= Work instructions =
Read the records below and report each line in which "image" occurs.

----- Data excerpts -----

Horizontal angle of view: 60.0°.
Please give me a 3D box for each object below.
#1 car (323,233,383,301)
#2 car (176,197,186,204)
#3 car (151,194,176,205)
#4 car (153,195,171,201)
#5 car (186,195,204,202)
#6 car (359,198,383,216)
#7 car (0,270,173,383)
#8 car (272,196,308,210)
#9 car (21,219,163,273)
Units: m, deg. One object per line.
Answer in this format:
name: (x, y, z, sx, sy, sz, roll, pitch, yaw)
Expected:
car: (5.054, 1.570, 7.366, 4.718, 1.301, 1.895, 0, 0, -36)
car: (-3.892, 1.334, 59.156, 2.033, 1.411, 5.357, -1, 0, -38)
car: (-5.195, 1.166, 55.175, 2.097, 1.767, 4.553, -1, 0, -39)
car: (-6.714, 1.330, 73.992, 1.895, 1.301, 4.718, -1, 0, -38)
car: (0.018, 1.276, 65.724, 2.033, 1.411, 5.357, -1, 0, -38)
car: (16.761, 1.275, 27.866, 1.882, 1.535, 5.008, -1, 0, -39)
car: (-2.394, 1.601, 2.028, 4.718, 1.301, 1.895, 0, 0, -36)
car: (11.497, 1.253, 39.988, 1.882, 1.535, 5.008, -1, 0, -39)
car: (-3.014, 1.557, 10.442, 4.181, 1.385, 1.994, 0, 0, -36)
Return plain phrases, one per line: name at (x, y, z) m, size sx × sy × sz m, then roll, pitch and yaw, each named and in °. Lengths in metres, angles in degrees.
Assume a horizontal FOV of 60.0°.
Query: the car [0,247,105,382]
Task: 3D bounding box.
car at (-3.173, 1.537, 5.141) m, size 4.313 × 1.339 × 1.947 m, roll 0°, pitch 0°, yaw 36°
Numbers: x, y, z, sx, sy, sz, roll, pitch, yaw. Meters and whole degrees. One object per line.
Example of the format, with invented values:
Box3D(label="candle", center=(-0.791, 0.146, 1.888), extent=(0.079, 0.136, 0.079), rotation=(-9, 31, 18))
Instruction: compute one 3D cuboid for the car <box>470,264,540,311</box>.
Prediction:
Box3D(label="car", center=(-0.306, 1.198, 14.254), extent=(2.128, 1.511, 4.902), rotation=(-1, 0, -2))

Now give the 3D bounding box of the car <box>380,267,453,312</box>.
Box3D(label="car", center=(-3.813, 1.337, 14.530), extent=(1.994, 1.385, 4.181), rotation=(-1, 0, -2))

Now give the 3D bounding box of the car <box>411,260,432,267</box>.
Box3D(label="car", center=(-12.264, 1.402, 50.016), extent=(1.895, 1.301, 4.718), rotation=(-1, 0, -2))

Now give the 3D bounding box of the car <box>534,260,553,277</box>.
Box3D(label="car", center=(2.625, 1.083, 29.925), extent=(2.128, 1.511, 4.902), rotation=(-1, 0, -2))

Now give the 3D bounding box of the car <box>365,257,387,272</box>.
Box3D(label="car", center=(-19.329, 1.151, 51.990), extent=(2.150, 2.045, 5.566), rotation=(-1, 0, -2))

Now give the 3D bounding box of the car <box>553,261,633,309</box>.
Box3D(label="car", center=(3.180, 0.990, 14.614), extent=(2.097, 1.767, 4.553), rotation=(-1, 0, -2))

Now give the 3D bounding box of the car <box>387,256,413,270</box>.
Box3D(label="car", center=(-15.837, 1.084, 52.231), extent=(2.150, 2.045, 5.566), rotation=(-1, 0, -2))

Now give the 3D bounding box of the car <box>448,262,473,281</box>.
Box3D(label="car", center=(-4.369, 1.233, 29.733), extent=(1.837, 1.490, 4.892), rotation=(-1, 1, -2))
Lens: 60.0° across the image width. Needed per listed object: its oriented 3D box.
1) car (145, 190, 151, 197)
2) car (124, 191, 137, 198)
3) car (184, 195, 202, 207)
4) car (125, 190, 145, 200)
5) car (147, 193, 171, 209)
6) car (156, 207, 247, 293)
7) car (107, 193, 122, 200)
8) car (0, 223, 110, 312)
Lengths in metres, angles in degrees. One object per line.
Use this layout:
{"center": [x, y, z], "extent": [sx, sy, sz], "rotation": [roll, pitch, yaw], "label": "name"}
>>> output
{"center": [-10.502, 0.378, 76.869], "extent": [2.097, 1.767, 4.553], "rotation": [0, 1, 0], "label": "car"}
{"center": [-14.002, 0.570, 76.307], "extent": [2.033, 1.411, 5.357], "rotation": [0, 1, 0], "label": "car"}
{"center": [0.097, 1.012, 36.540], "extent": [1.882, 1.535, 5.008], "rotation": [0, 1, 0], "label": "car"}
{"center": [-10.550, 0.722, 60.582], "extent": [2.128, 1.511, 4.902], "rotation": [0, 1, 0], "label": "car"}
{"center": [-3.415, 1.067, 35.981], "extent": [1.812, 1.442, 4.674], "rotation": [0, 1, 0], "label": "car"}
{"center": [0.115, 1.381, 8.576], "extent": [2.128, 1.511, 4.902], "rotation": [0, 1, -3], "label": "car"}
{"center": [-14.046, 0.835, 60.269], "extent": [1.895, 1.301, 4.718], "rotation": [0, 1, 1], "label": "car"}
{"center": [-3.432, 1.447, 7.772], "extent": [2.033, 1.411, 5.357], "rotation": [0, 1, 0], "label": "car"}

-----
----- Data excerpts -----

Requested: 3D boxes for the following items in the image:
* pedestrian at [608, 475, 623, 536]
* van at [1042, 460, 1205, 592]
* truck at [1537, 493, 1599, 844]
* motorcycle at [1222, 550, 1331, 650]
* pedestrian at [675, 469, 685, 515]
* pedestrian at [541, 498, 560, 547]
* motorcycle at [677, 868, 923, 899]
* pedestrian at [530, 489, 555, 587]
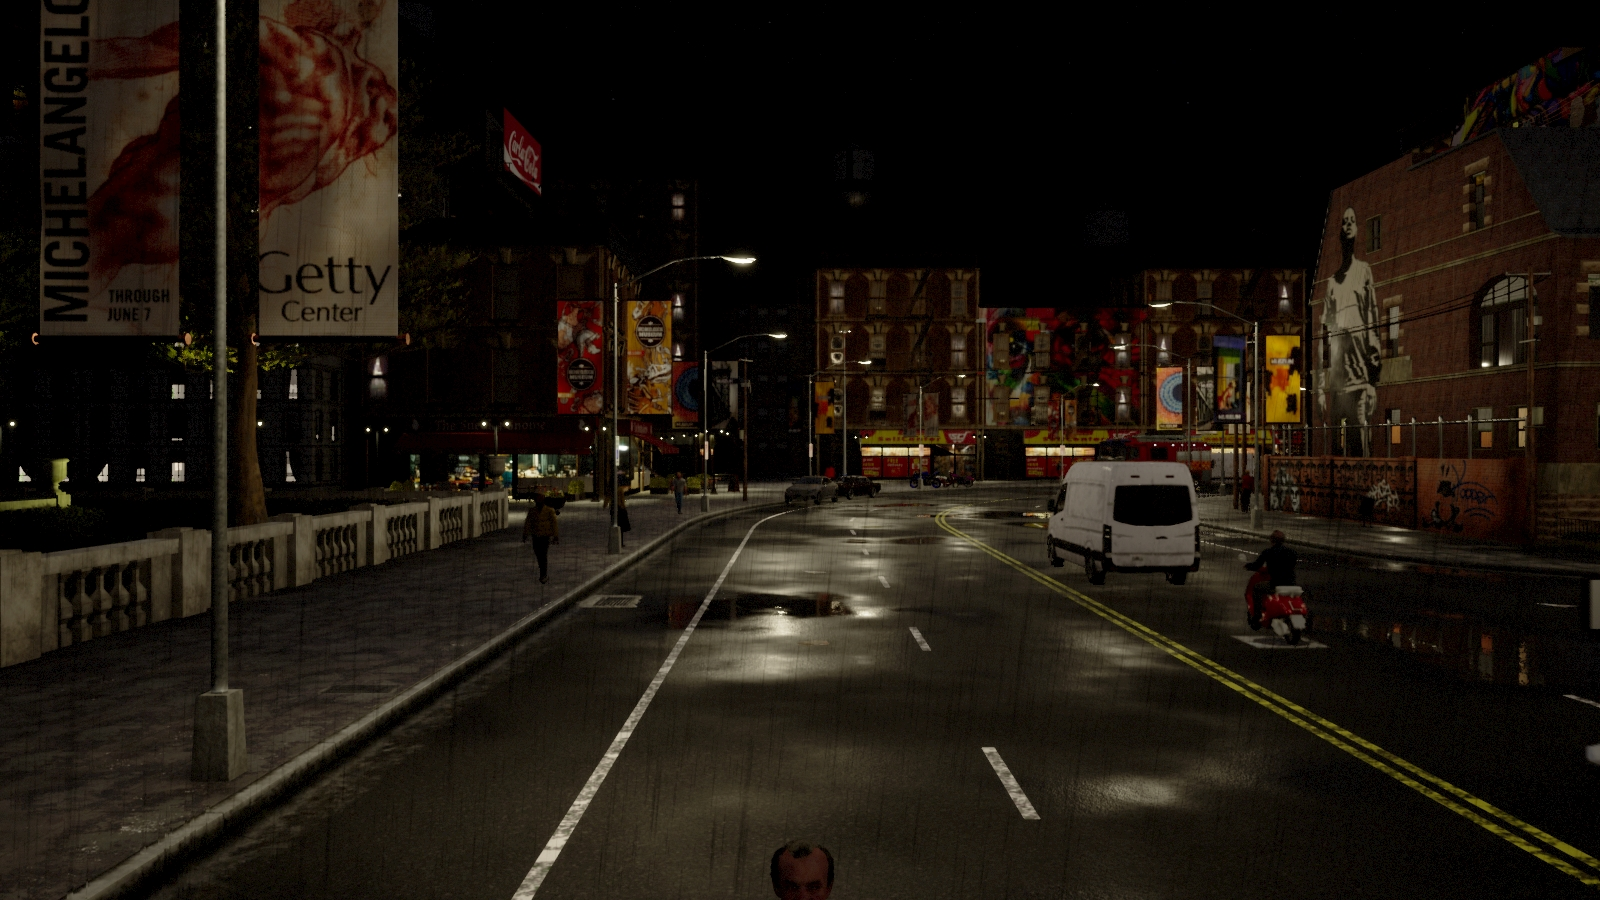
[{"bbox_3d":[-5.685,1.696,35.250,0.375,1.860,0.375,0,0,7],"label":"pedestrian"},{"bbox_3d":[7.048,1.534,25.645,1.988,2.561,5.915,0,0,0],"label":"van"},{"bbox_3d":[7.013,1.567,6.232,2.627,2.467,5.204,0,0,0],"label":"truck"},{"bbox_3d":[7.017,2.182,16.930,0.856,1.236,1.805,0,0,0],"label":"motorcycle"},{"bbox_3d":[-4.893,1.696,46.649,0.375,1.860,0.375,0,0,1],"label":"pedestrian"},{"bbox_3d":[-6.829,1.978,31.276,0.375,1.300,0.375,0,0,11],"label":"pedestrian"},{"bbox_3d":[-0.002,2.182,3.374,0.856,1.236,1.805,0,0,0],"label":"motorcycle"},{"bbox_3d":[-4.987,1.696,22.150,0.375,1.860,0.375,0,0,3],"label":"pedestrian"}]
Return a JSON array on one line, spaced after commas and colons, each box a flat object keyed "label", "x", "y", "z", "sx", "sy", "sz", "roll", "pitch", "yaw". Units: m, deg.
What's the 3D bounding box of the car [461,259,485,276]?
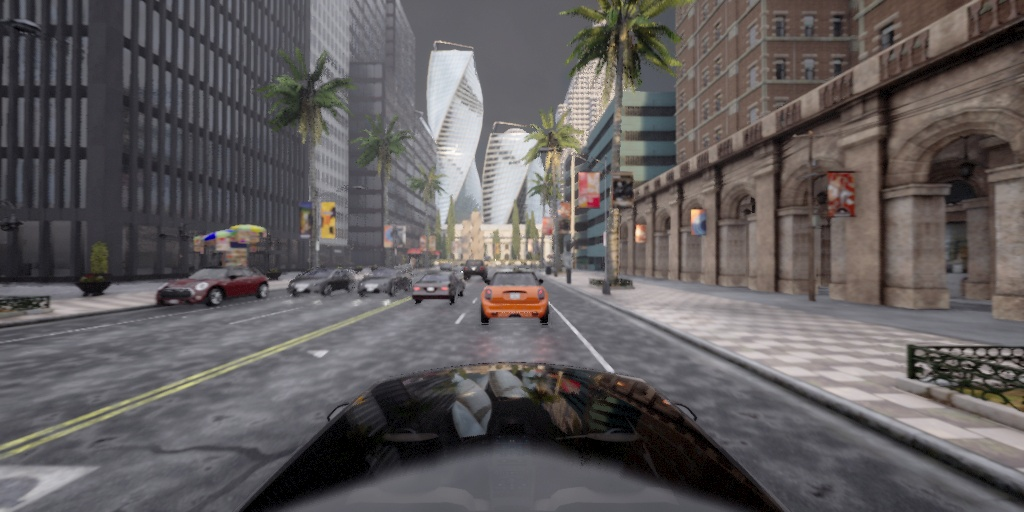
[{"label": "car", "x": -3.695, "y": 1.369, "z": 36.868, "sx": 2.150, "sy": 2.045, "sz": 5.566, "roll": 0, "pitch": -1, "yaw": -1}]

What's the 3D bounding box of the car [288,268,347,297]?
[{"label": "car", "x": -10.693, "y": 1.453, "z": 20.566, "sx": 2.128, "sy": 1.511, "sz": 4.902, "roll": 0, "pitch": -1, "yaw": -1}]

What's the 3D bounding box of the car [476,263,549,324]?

-----
----- Data excerpts -----

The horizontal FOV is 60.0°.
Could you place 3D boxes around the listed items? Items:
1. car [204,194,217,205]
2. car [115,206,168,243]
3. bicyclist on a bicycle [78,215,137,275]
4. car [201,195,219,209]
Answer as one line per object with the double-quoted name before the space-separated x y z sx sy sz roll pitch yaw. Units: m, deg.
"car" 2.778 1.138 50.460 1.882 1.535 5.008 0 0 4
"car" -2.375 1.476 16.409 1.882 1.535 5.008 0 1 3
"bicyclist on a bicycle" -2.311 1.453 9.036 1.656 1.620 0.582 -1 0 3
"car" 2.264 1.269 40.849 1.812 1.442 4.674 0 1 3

-----

= Solution to this task =
Lens: 60.0° across the image width. Needed per listed object: its oriented 3D box.
Requested: 3D boxes for the following items in the image:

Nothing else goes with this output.